António entrou numa sala, sentou-se e ligaram-lhe “aqueles sensores todos” ao corpo. À sua frente tinha um grande ecrã. Primeiro, apareciam imagens de homens envolvidos com mulheres. De seguida, apareciam imagens de homens envolvidos com outros homens. “Quando apareciam imagens de homens com mulheres, os choques eram muito suaves e agradáveis, eram massagens.

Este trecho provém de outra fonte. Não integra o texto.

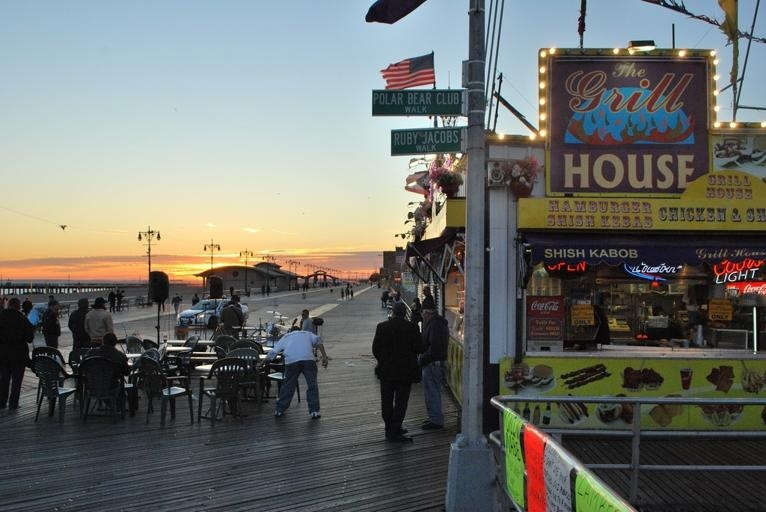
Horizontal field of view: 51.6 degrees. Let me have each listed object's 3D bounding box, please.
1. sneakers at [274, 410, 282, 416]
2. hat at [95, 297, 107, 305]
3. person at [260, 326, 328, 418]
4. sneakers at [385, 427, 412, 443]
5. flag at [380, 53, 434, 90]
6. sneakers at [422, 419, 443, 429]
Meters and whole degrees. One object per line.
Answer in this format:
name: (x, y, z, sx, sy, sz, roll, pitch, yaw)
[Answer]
sneakers: (-2.268, 3.428, 17.282, 0.130, 0.095, 0.129, 0, -8, 5)
hat: (-6.943, 1.099, 19.339, 0.188, 0.202, 0.253, 2, 5, 3)
person: (-1.937, 2.503, 17.335, 1.331, 2.309, 0.687, -2, -35, -3)
sneakers: (0.284, 3.565, 15.705, 0.620, 0.258, 0.206, 0, -2, -15)
flag: (0.532, -3.908, 16.667, 1.015, 0.729, 0.647, -2, 6, -2)
sneakers: (1.010, 3.503, 16.495, 0.351, 0.136, 0.200, 6, -6, -5)

Quando apareciam as imagens de homens com homens, os choques eram muito fortes, muito desagradáveis”. O tratamento não resultou.

Ele é idoso, ele é homossexual, ele não teve filhos e já poucos amigos vivos lhe restam. Familiares, contam-se pelos dedos. Mas ele é também o fundador da Opus Gay, uma associação com muitos membros adultos e idosos LGBT, que lhe ocupa parte do tempo e que lhe trouxe muitos contactos. Por isso, apesar de tudo, até tem uma vida ativa. Não é o caso dos mais de 100 idosos homossexuais que se confessaram “isolados e sozinhos” num questionário anónimo do projeto “Envelhecer fora do armário”, apoiado pela Câmara Municipal de Lisboa.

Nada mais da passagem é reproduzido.